USA: les démocrates tiennent la corde aux primaires en Californie et à Los Angeles
Le candidat démocrate au poste de gouverneur de Californie, Xavier Becerra, prend la parole lors d’un événement de la soirée électorale dans le centre-ville de Los Angeles, le 2 juin 2026. ©FREDERIC J. BROWN / AFP

Les démocrates semblent bien partis mercredi pour conserver le contrôle de l’État de Californie, appelés à voter simultanément pour les primaires dans l’élection du nouveau gouverneur et celle du maire de Los Angeles, deuxième plus grande ville des États-Unis.

Contrairement aux autres États américains, le «Golden State» organise une primaire commune ouverte aux démocrates et aux républicains pour le poste de gouverneur.

Les deux personnalités en tête s’affronteront en novembre pour succéder au démocrate Gavin Newsom, bloqué par la limite des mandats. Critique infatigable de Donald Trump, il est considéré comme un des candidats possibles du parti à la présidentielle de 2028.

Selon les premiers dépouillements, le démocrate Xavier Becerra, ancien ministre de la Santé sous le président Joe Biden, se détache avec près de 29% des voix décomptées au milieu de la nuit. Un républicain soutenu par Donald Trump, Steve Hilton (23%), et un autre démocrate, Tom Steyer (22%), sont au coude-à-coude pour l’autre strapontin peu après 9h00 GMT.

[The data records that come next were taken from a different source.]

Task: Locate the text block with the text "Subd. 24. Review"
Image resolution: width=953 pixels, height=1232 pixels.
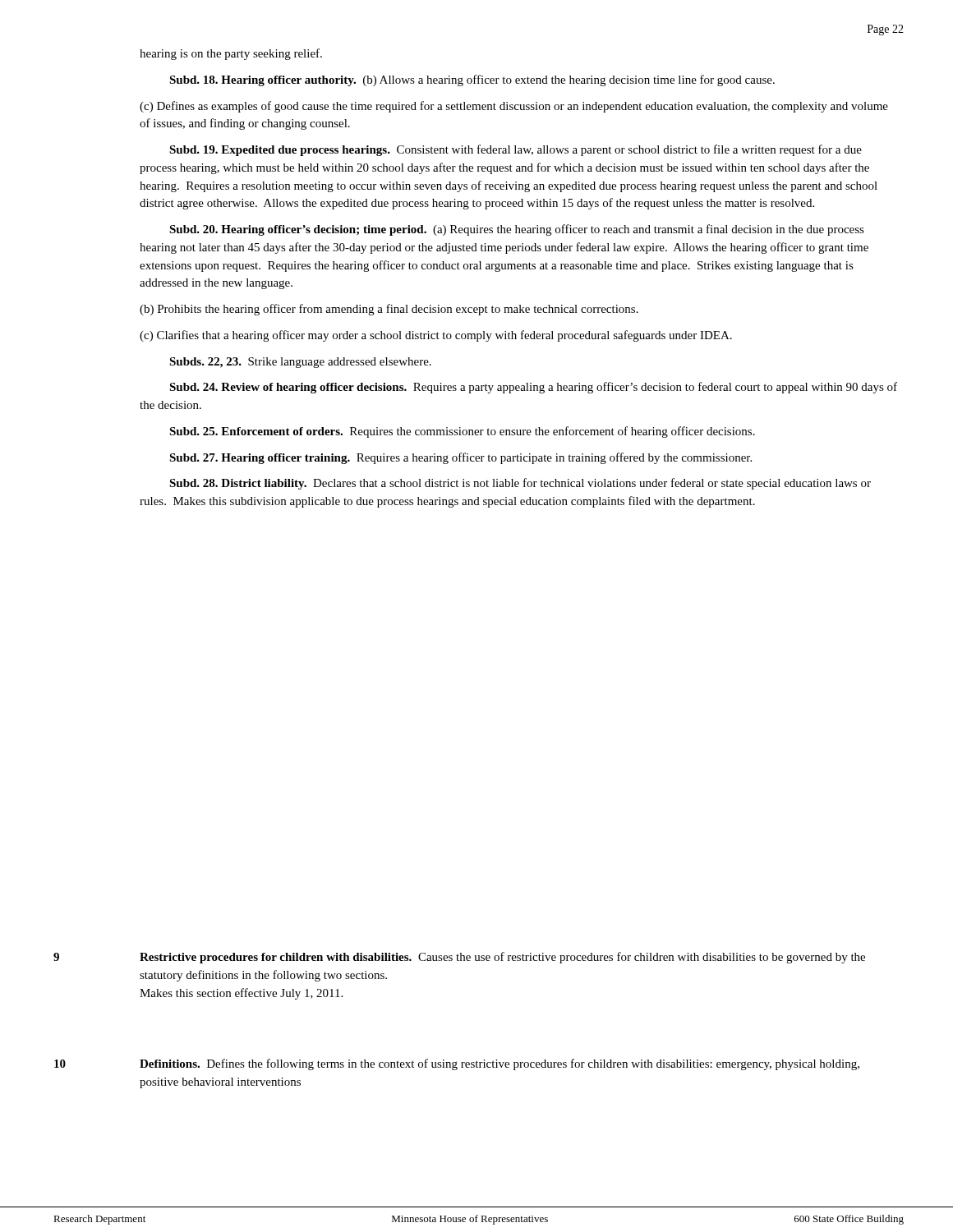Action: (518, 396)
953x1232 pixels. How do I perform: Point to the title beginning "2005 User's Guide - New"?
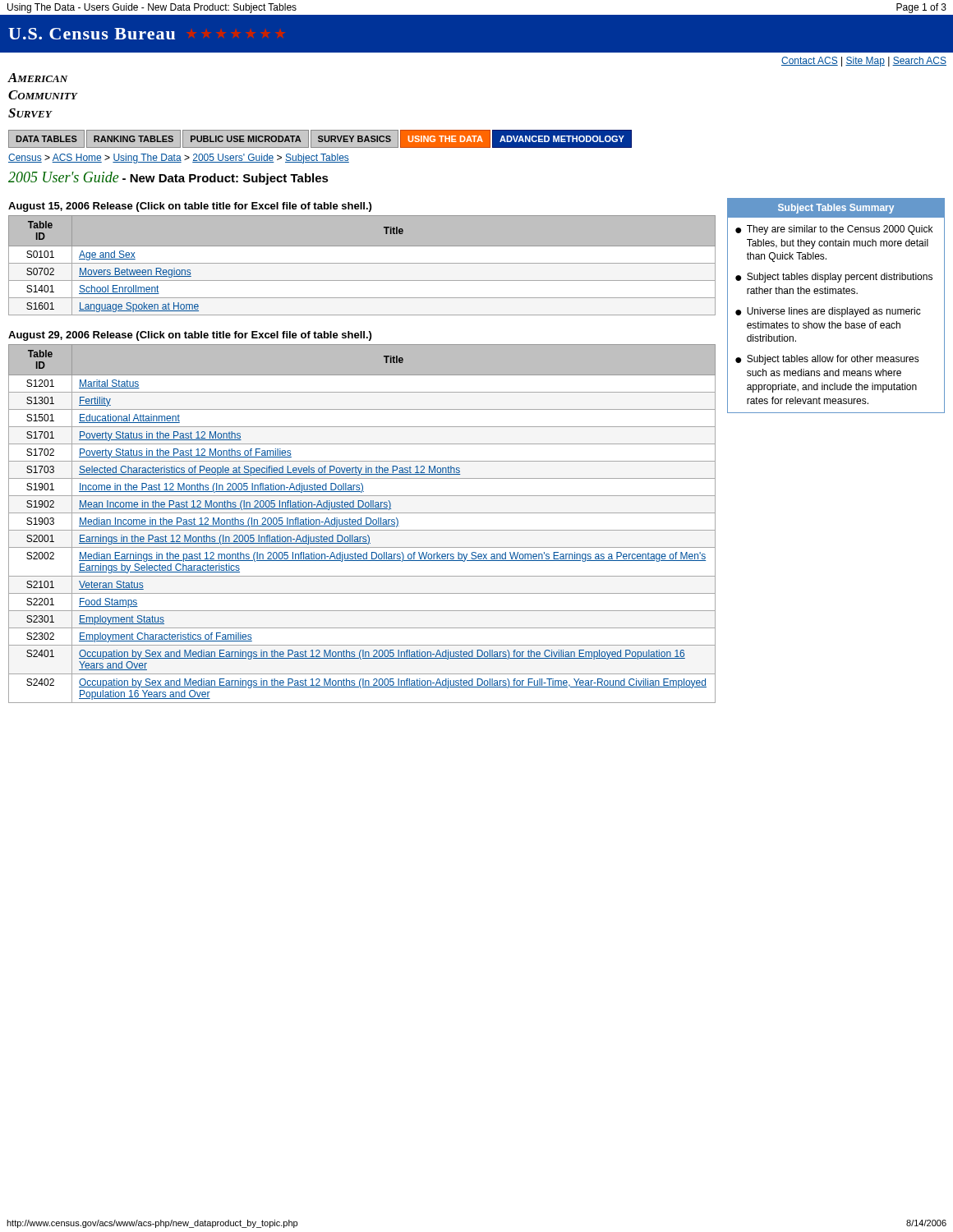pos(168,177)
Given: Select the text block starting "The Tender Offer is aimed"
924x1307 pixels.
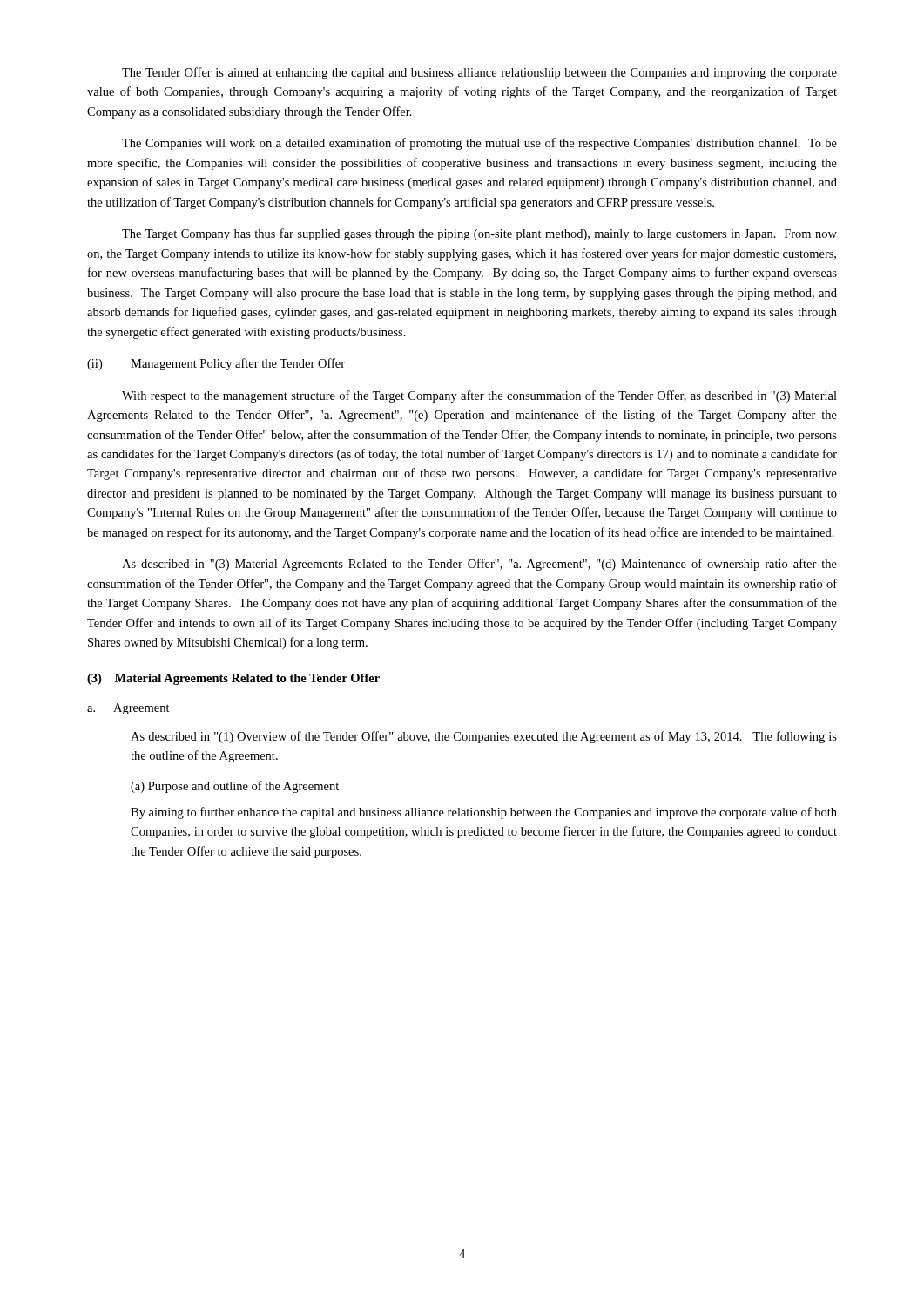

Steve Hilton, ancien stratège politique américano-britannique, un temps commentateur pour la chaîne conservatrice Fox News, a dénoncé le bilan selon lui désastreux de ses adversaires, qui ont la mainmise sur les organes de l’État californien, en matière notamment de logement et de pouvoir d’achat.

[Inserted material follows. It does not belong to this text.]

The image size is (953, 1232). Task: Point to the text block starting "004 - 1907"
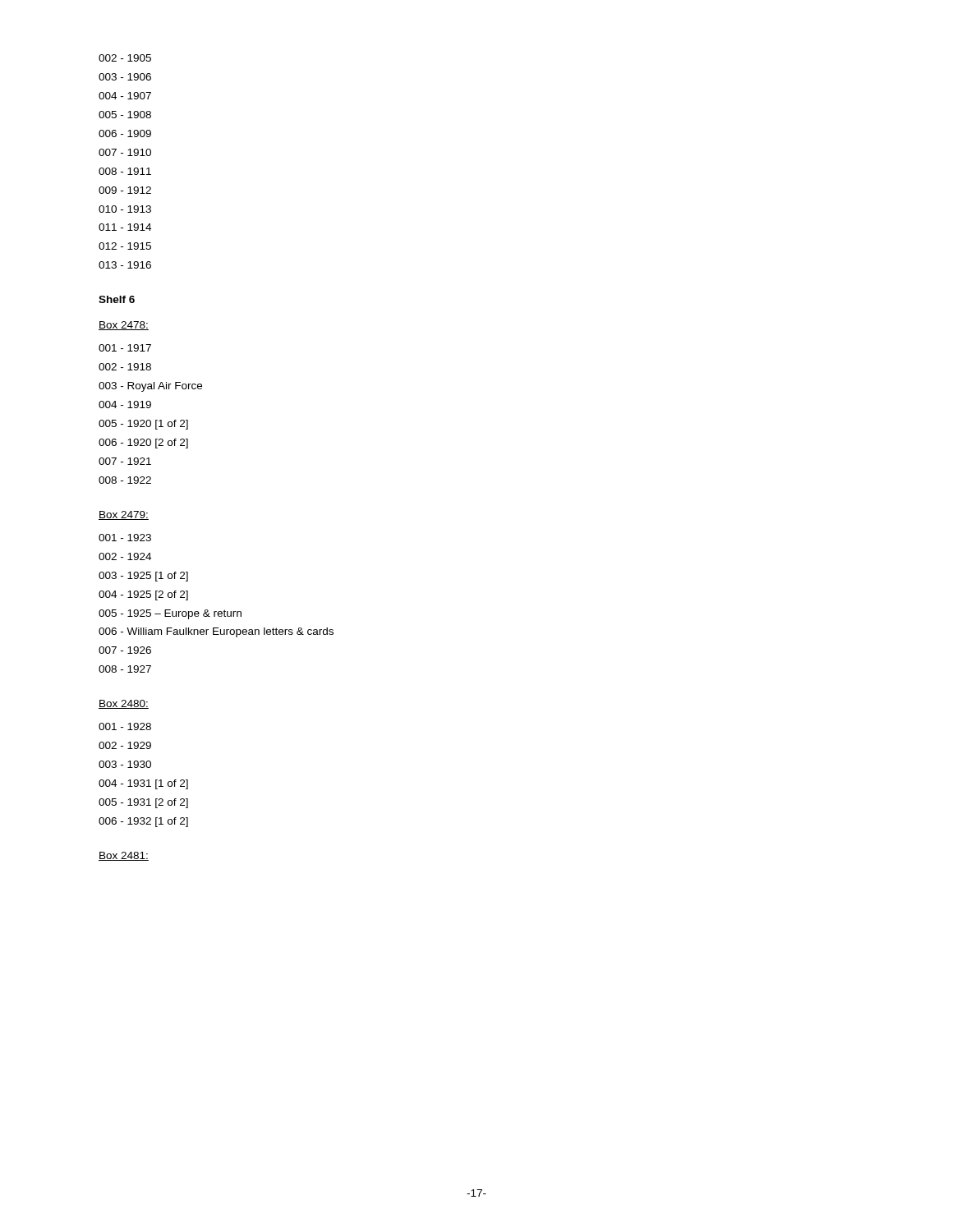(125, 96)

Tom Steyer, un gestionnaire de fonds spéculatifs milliardaire, a pour sa part dépensé plus de 200 millions de dollars de sa fortune personnelle pour faire campagne en faveur d’une hausse des impôts des plus riches et d’une baisse des factures de la classe moyenne.

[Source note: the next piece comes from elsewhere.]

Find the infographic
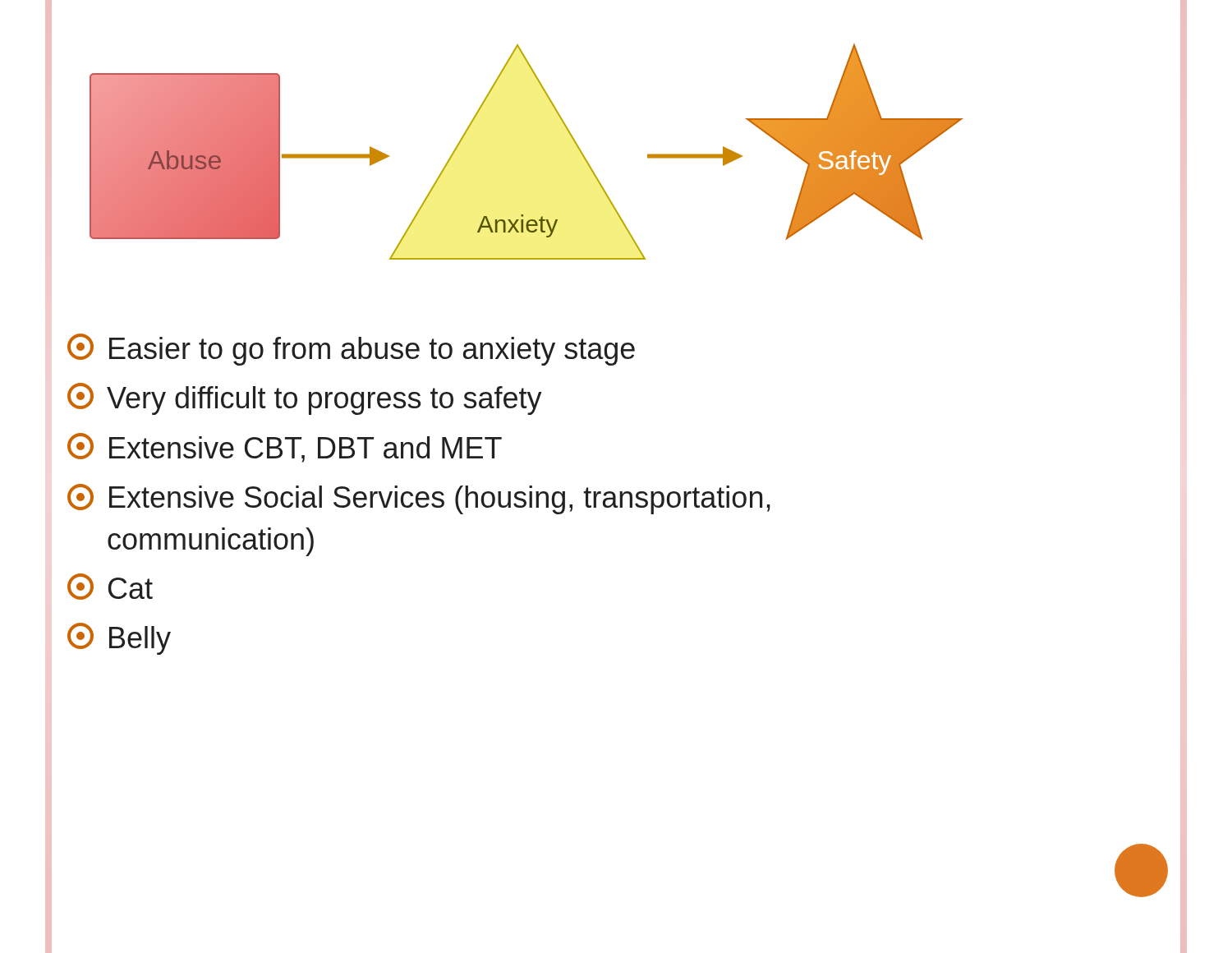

À l’instar du «Golden State», mardi était une grosse journée électorale aux États-Unis. Des primaires se tenaient en effet également dans le New Jersey, Montana, Dakota du Sud, Nouveau-Mexique et l’Iowa en vue d’élections de gouverneurs ou de représentants au Congrès.

L’avertissement de Trump

Fidèle à ses habitudes, le président a d’ailleurs laissé entendre que le gouvernement fédéral ne soutiendrait financièrement la Californie que si le républicain Steve Hilton était élu. «L’argent coulera à flots car je lui fais confiance (mais pas aux autres!)», a-t-il écrit sur son réseau Truth Social.

La Californie, berceau de la Silicon Valley, revendique la quatrième économie du monde.

Mais ses habitants dénoncent le coût exorbitant du logement, de l’essence la plus chère des États-Unis, de services publics en décrépitude et le nombre choquant de sans-abris à San Francisco et Los Angeles.

Cette dernière se choisissait elle-même un nouveau maire mardi. La sortante Karen Bass vise un second mandat, entre une conseillère municipale qui l’attaque sur sa gauche et une star de la téléréalité marquée à droite.

Ancienne membre du Congrès, elle semble partie pour conserver son poste, même si sa gestion maladroite des tragiques incendies qui ont ravagé Los Angeles en janvier 2025 a ébranlé sa position.

Avec près de 35% des voix, elle devance largement Nithya Raman, une de ses anciennes alliées au conseil municipal issue du parti des socialistes démocrates. En troisième position, celle-ci ne recueille que quelque 22% des scrutins.

Sur sa droite, Spencer Pratt, star de la téléréalité qui a perdu sa maison dans les incendies et qui canalise le mécontentement lié à la lenteur de la reconstruction de la ville, atteint de son côté plus de 30% des voix.

La Californie est connue pour la lenteur traditionnelle de son dépouillement, à laquelle s’ajoute un volume important de votes par correspondance. Les dernières heures sont supposées être plutôt en faveur des démocrates.